Janet Keeping: A loophole is a tax provision that lets people off the hook, and we think that it’s inappropriate. That’s why it’s called a loophole. Otherwise we’d think it’s a legitimate deduction or credit. There’s not enough talk about bearing your fair share. I actually find some of the situations we encounter on tax avoidance or tax evasion perplexing. When some people say it’s perfectly all right to pay somebody in cash so that he won’t have to declare that income, I think, “You know, bud, if you don’t pay tax, somebody else is going to have to pay more.” What kind of fairness is that?

Tax evasion is illegal, of course. Most of us feel that we’re morally bound to obey the law except where it’s egregiously out of line with public values, such as [South Africa’s old] law on apartheid. There is always the notion of civil disobedience if one is morally and strongly opposed to certain laws. The Boston Tea Party – “No taxation without representation” – was a revolt against an unfair tax.

Ken Chapman: The law says you are entitled to avoid every possible tax you can. In fact some feel it is the duty of a citizen to arrange their personal and business affairs in order to do so. However it is illegal to evade legitimate taxes that you are responsible to pay. The tax laws are so complicated and constantly changing that it is impossible for mere mortals to know entirely what they are entitled to claim, and that has created the tax preparation business. If you want to maximize your avoidance possibilities, you pretty much have to have professional tax preparers do your taxes and that is still no guarantee.

Milavsky: With the increase in the number of professional tax advisers over the years and the tax authorities being made more aware of loopholes, most if not all of the loopholes have been closed. In fact, the tax authorities put in a General Anti-Avoidance Rule known as “GAAR” a number of years back to effectively give the tax authorities unilateral power to challenge any tax filing position. With GAAR in place, tax advisers are less willing and really unable to come up with any aggressive tax structure that would guarantee no challenge by the tax authorities. This effectively takes away much of the creativity of the tax advisers and places them more in a pure compliance role.

Keeping: The far more interesting thing to talk about concerns tax minimization. We’re taught as lawyers that taxation legislation is a different kind of legislation; it’s always to be construed as against the government. Hence you have this whole legitimate, at least legally speaking, activity of designing your own operations and activities so as to minimize taxation.

And most of us take advantage of the basic tools. It’s not so much a question of clear public policy, but we begin to feel a bit uncomfortable, if we are people of conscience, about taking tax-minimization strategies that are available, but that maybe have not been well thought out.
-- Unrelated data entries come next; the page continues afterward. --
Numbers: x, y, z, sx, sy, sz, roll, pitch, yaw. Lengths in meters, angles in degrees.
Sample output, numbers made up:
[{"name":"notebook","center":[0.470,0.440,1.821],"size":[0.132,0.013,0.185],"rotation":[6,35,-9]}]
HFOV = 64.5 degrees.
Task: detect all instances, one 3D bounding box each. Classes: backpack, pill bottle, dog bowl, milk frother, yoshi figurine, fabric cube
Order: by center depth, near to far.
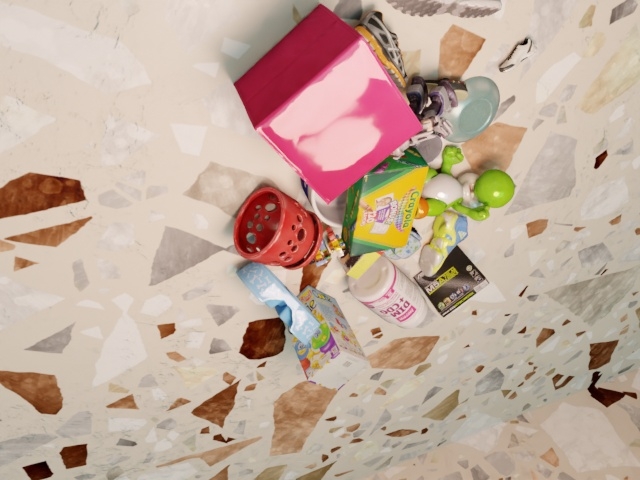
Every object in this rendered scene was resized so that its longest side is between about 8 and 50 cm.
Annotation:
[{"name":"fabric cube","center":[0.009,-0.288,1.079],"size":[0.258,0.259,0.254],"rotation":[-39,130,11]},{"name":"milk frother","center":[0.275,-0.263,1.315],"size":[0.143,0.134,0.129],"rotation":[-27,135,-3]},{"name":"dog bowl","center":[0.085,-0.166,1.329],"size":[0.265,0.104,0.264],"rotation":[-13,133,-15]},{"name":"yoshi figurine","center":[0.401,-0.147,1.439],"size":[0.362,0.203,0.203],"rotation":[-4,122,-26]},{"name":"dog bowl","center":[-0.113,0.170,1.445],"size":[0.074,0.166,0.297],"rotation":[-44,105,-4]},{"name":"backpack","center":[0.244,0.007,1.565],"size":[0.105,0.084,0.114],"rotation":[30,114,-37]},{"name":"pill bottle","center":[0.227,0.175,1.644],"size":[0.160,0.160,0.283],"rotation":[-41,133,11]}]

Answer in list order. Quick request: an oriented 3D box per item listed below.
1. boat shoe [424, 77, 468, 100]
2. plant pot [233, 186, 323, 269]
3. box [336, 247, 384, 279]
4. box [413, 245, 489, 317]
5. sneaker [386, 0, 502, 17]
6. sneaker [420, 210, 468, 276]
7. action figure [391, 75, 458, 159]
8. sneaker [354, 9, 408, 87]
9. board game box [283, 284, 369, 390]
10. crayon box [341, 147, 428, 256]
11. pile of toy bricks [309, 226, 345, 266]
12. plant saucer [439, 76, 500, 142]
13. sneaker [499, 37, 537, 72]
[{"name":"boat shoe","center":[0.312,-0.390,1.294],"size":[0.133,0.042,0.049],"rotation":[4,157,-13]},{"name":"plant pot","center":[-0.100,-0.019,1.307],"size":[0.174,0.191,0.191],"rotation":[26,113,-41]},{"name":"box","center":[0.155,0.005,1.520],"size":[0.058,0.087,0.232],"rotation":[29,110,-40]},{"name":"box","center":[0.432,0.132,1.691],"size":[0.191,0.184,0.045],"rotation":[-39,135,10]},{"name":"sneaker","center":[0.262,-0.560,1.108],"size":[0.282,0.105,0.115],"rotation":[-2,95,-19]},{"name":"sneaker","center":[0.414,0.016,1.649],"size":[0.126,0.091,0.240],"rotation":[-3,128,-24]},{"name":"action figure","center":[0.225,-0.275,1.174],"size":[0.285,0.185,0.099],"rotation":[-56,137,-35]},{"name":"sneaker","center":[0.152,-0.429,1.159],"size":[0.215,0.084,0.083],"rotation":[37,82,-50]},{"name":"board game box","center":[0.006,0.297,1.563],"size":[0.142,0.275,0.144],"rotation":[-45,132,15]},{"name":"crayon box","center":[0.154,-0.091,1.277],"size":[0.166,0.081,0.278],"rotation":[-10,137,-15]},{"name":"pile of toy bricks","center":[0.000,0.000,1.413],"size":[0.118,0.212,0.105],"rotation":[-25,95,3]},{"name":"plant saucer","center":[0.413,-0.345,1.380],"size":[0.195,0.037,0.194],"rotation":[-13,131,-15]},{"name":"sneaker","center":[0.506,-0.479,1.315],"size":[0.109,0.040,0.043],"rotation":[-39,117,5]}]
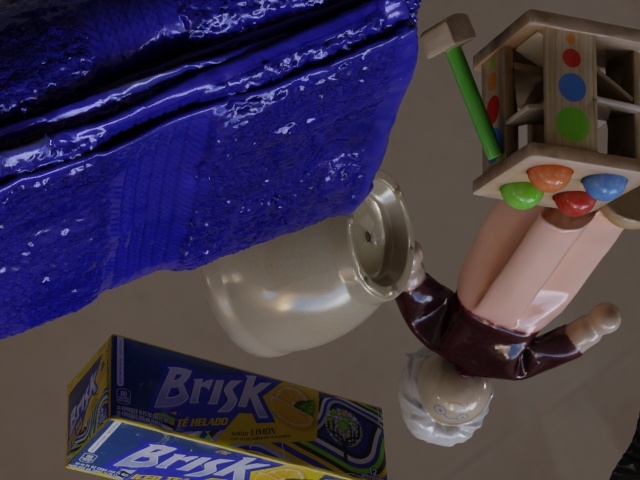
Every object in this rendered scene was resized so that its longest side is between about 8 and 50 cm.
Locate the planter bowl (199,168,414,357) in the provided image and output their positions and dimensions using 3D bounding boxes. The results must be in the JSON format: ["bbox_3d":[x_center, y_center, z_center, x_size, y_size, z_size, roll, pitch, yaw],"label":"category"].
[{"bbox_3d":[0.000,0.000,1.369,0.109,0.162,0.162,-8,-175,32],"label":"planter bowl"}]

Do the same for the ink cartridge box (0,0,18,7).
[{"bbox_3d":[-0.161,-0.142,1.100,0.197,0.270,0.198,3,-127,55],"label":"ink cartridge box"}]

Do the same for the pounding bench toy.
[{"bbox_3d":[0.077,-0.047,0.712,0.083,0.065,0.052,8,162,-19],"label":"pounding bench toy"}]

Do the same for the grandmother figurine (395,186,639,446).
[{"bbox_3d":[0.153,0.057,1.641,0.104,0.207,0.342,-61,177,-48],"label":"grandmother figurine"}]

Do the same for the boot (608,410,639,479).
[{"bbox_3d":[0.202,0.114,1.075,0.099,0.045,0.121,-2,107,-69],"label":"boot"}]

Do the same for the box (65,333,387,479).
[{"bbox_3d":[-0.050,0.105,1.014,0.169,0.054,0.059,17,138,-27],"label":"box"}]

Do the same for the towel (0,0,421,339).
[{"bbox_3d":[-0.105,-0.025,0.852,0.308,0.076,0.228,-21,153,-18],"label":"towel"}]
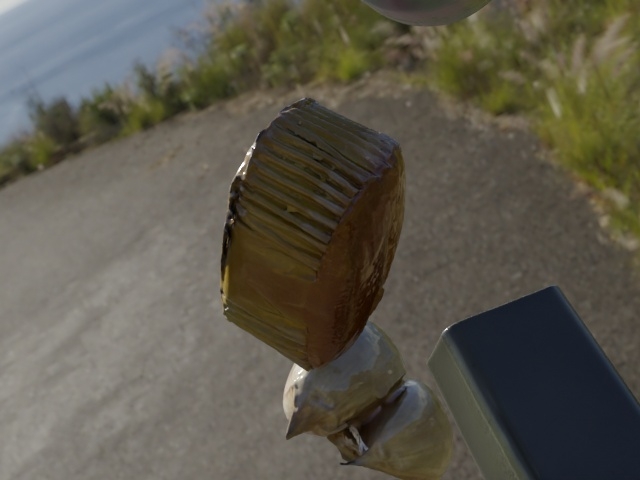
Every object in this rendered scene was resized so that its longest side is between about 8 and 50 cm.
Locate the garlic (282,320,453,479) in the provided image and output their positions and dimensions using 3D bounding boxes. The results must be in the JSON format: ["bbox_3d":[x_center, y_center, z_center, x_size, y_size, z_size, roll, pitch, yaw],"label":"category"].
[{"bbox_3d":[0.060,0.254,1.960,0.249,0.286,0.313,-19,-11,-6],"label":"garlic"}]

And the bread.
[{"bbox_3d":[0.000,0.000,0.941,0.132,0.114,0.191,-51,-17,-42],"label":"bread"}]

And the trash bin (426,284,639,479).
[{"bbox_3d":[0.234,0.188,1.359,0.164,0.241,0.122,-20,-25,-21],"label":"trash bin"}]

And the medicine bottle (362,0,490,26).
[{"bbox_3d":[0.108,-0.390,1.537,0.245,0.245,0.290,-23,-4,14],"label":"medicine bottle"}]
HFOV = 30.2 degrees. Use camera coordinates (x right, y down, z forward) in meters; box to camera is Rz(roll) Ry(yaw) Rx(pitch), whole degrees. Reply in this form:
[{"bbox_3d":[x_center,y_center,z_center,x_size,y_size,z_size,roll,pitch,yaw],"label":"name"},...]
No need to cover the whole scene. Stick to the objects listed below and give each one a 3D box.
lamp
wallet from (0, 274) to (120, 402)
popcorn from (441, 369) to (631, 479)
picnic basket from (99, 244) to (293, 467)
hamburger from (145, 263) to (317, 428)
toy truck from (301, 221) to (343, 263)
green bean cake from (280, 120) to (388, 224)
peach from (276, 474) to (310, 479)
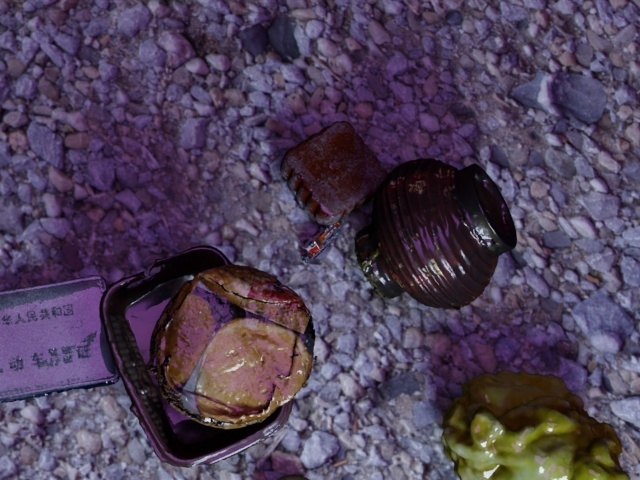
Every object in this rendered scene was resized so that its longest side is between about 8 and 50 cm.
[{"bbox_3d":[0.168,-0.006,1.785,0.246,0.247,0.247,2,79,-11],"label":"lamp"},{"bbox_3d":[-0.407,0.143,1.727,0.222,0.036,0.167,-8,82,-13],"label":"wallet"},{"bbox_3d":[0.325,0.300,1.762,0.285,0.174,0.225,20,35,15],"label":"popcorn"},{"bbox_3d":[-0.185,0.174,1.720,0.222,0.129,0.297,-23,84,-13],"label":"picnic basket"},{"bbox_3d":[-0.119,0.145,1.617,0.230,0.107,0.231,1,84,-12],"label":"hamburger"},{"bbox_3d":[0.000,0.000,1.844,0.083,0.024,0.032,-44,120,-19],"label":"toy truck"},{"bbox_3d":[0.021,-0.103,1.844,0.135,0.056,0.136,-32,80,-25],"label":"green bean cake"},{"bbox_3d":[-0.040,0.386,1.738,0.083,0.083,0.083,2,79,-11],"label":"peach"}]

We may think we shouldn’t be taking advantage of them.

For example, when I was ready to go to work as a lawyer, I set up a small consulting firm with a classmate, and an accountant said, “If you’re now running a consulting firm, you can deduct a portion of the mortgage payments on your house.”

I told him that I have an office and that’s where I do my work, and I’m not going to take a deduction on the mortgage payments on my house.

One of the things that worries me when accountants give you this kind of advice is that while I don’t know what the exact rule is in the eyes of the law, I certainly don’t want to be on the wrong side of it. And to just say that some accountant told me that I could deduct up to 20% or 25 % of my mortgage payments, I think, isn’t good enough. And if you combine that with a misgiving that I had under the circumstances, which was, “OK, I am running this consulting business but I’m not going to use my house to carry out that work,” that’s where I draw the line. I don’t care if the rules allow me to deduct a certain percentage.